To access dask arrays directly, use the new
DataArray.data
attribute. This attribute exposes
array data either as a dask array or as a numpy array, depending on whether it has been
loaded into dask or not:
In [11]: ds.temperature.data
Out[11]: dask.array<xarray-..., shape=(365, 180, 360), dtype=float64, chunksize=(10, 180, 360)>
Note
In the future, we may extend .data
to support other “computable” array
backends beyond dask and numpy (e.g., to support sparse arrays).
Chunking and performance¶
The chunks
parameter has critical performance implications when using dask
arrays. If your chunks are too small, queueing up operations will be extremely
slow, because dask will translates each operation into a huge number of
operations mapped across chunks. Computation on dask arrays with small chunks
can also be slow, because each operation on a chunk has some fixed overhead
from the Python interpreter and the dask task executor.
Conversely, if your chunks are too big, some of your computation may be wasted, because dask only computes results one chunk at a time.
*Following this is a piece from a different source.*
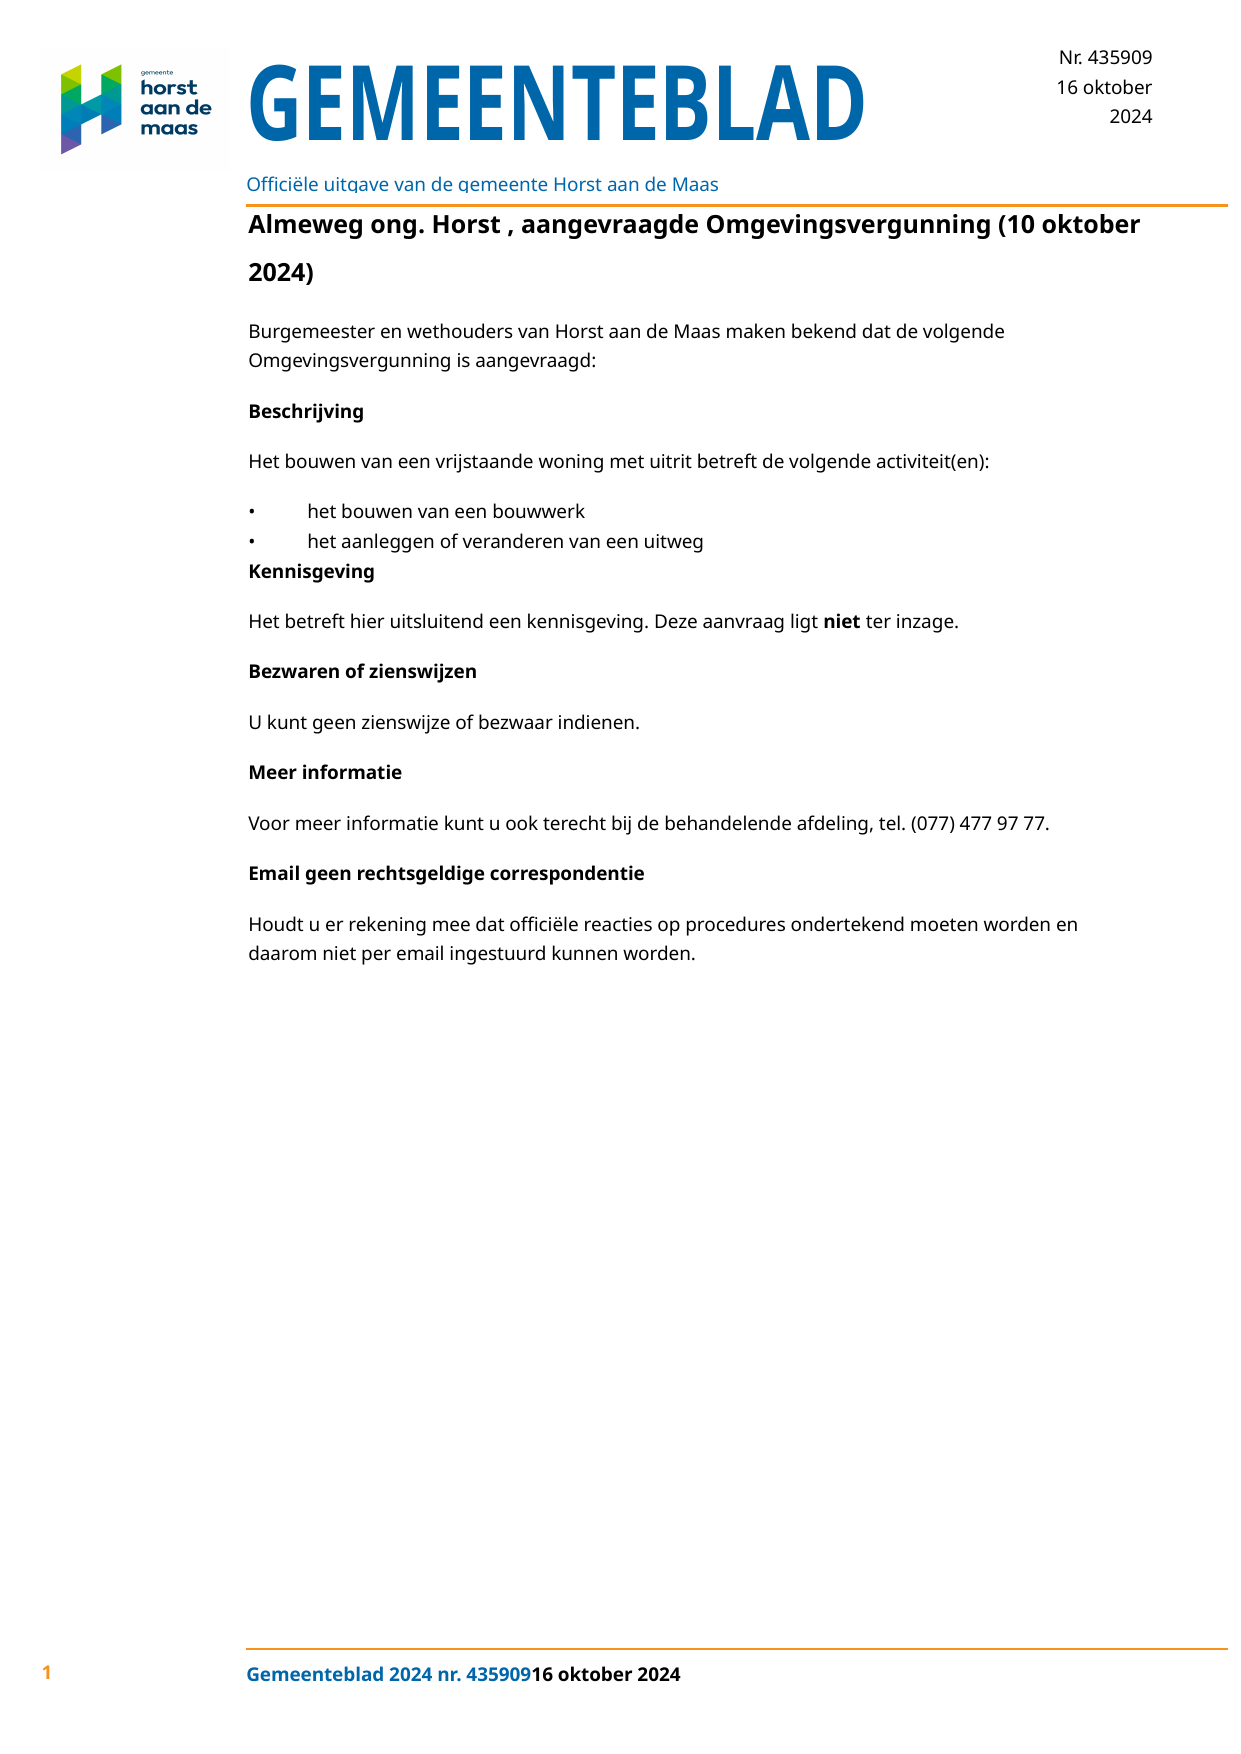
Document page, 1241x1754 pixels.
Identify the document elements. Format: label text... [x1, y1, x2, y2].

A good rule of thumb to create arrays with a minimum chunksize of at least one million elements (e.g., a 1000x1000 matrix). With large arrays (10+ GB), the cost of queueing up dask operations can be noticeable, and you may need even larger chunksizes.
Optimization Tips¶
With analysis pipelines involving both spatial subsetting and temporal resampling, dask performance can become very slow in certain cases. Here are some optimization tips we have found through experience:
- Do your spatial and temporal indexing (e.g.
.sel()
or.isel()
) early in the pipeline, especially before callingresample()
orgroupby()
. Grouping and rasampling triggers some computation on all the blocks, which in theory should commute with indexing, but this optimization hasn’t been implemented in dask yet. (See dask issue #746). - Save intermediate results to disk as a netCDF files (using
to_netcdf()
) and then load them again withopen_dataset()
for further computations. For example, if subtracting temporal mean from a dataset, save the temporal mean to disk before subtracting. Again, in theory, dask should be able to do the computation in a streaming fashion, but in practice this is a fail case for the dask scheduler, because it tries to keep every chunk of an array that it computes in memory. (See dask issue #874) - Specify smaller chunks across space when using
open_mfdataset()
(e.g.,chunks={'latitude': 10, 'longitude': 10}
). This makes spatial subsetting easier, because there’s no risk you will load chunks of data referring to different chunks (probably not necessary if you follow suggestion 1).